News
NHS England lowers bowel cancer screening threshold
NHS England has announced it is to lower the threshold for a home-screening kit to trigger urgent cancer testing from February 2026, with the NHS checking thousands more people identified with even smaller traces of blood in their stool samples. The NHS estimates the change could help detect
around 600 more bowel cancers early each year in England – around an 11% increase – and find 2,000 more people with high-risk polyps in their bowel, allowing patients to have preventative surgery before any cancers develop. The home-testing kit, known as the faecal immunochemical test (FIT), is offered to all people over 50 years old and checks for blood in a small stool sample, which can be a sign of bowel cancer. By reducing the level at which traces of blood in a FIT test trigger further investigation – from
120 micrograms of blood per gram of stool down to 80 – the NHS will offer 35% more screening colonoscopies each year to help diagnose or rule out bowel cancer. The move coincides with the launch of new digital alerts that let people know that a screening kit is on its way. This is in a bid to boost uptake, as part of the new National Cancer Plan, which aims to transform cancer care by 2035. Peter Johnson, National Clinical Director for
Cancer at NHS England, said: “This is a major step forward in bowel cancer detection and will help save hundreds more lives from this devastating disease.

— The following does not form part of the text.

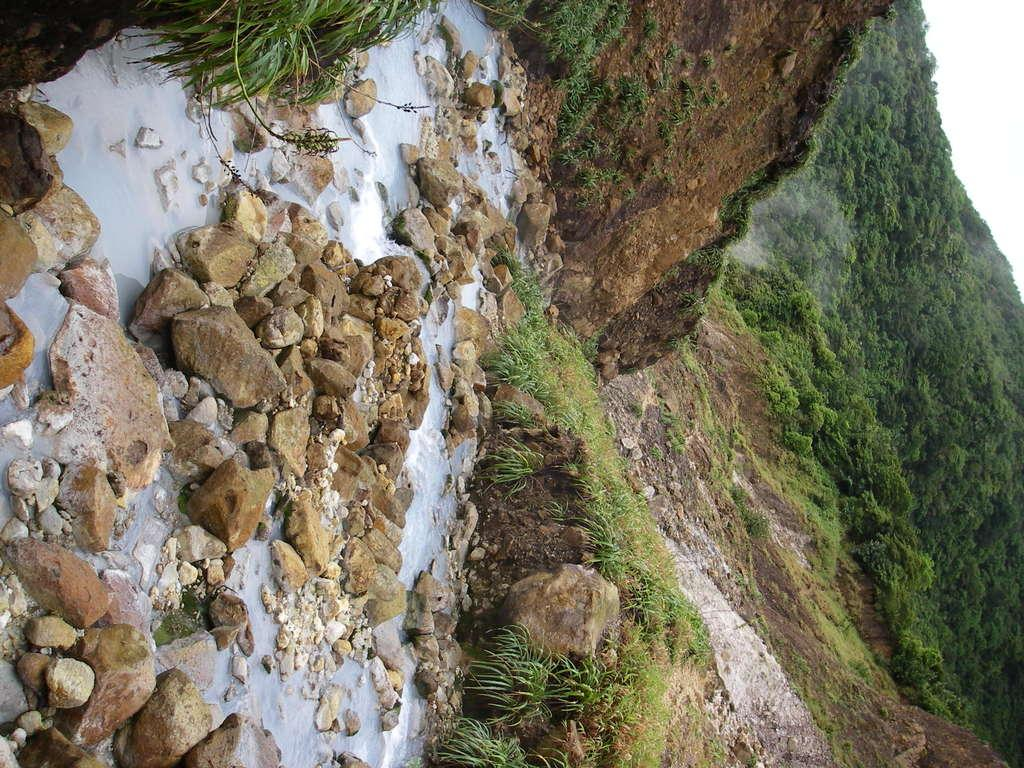What is located on the left side of the image? There is water on the left side of the image. What is near the water in the image? There are stones near the water. What can be seen in the background of the image? There are mountains, trees, grass, and the sky visible in the background of the image. How many dimes are scattered among the stones near the water in the image? There are no dimes present in the image; it features water, stones, mountains, trees, grass, and the sky. What type of trouble can be seen in the image? There is no trouble depicted in the image; it is a serene scene with water, stones, mountains, trees, grass, and the sky.

Testing at a lower threshold will now provide a better early-warning system for bowel cancer, helping us to spot and treat cancers earlier, often picking up problems before symptoms appear. Earlier detection can mean less intensive
treatment and ensures the best chance of survival and, in many cases, people could avoid facing cancer altogether by having dangerous polyps removed before they cause harm.” Once fully implemented, testing at the lower
threshold is expected to reduce late-stage diagnoses and deaths from bowel cancer by around 6%, while saving the NHS £32 million each year. The lower threshold will be rolled out across the country by March 2028.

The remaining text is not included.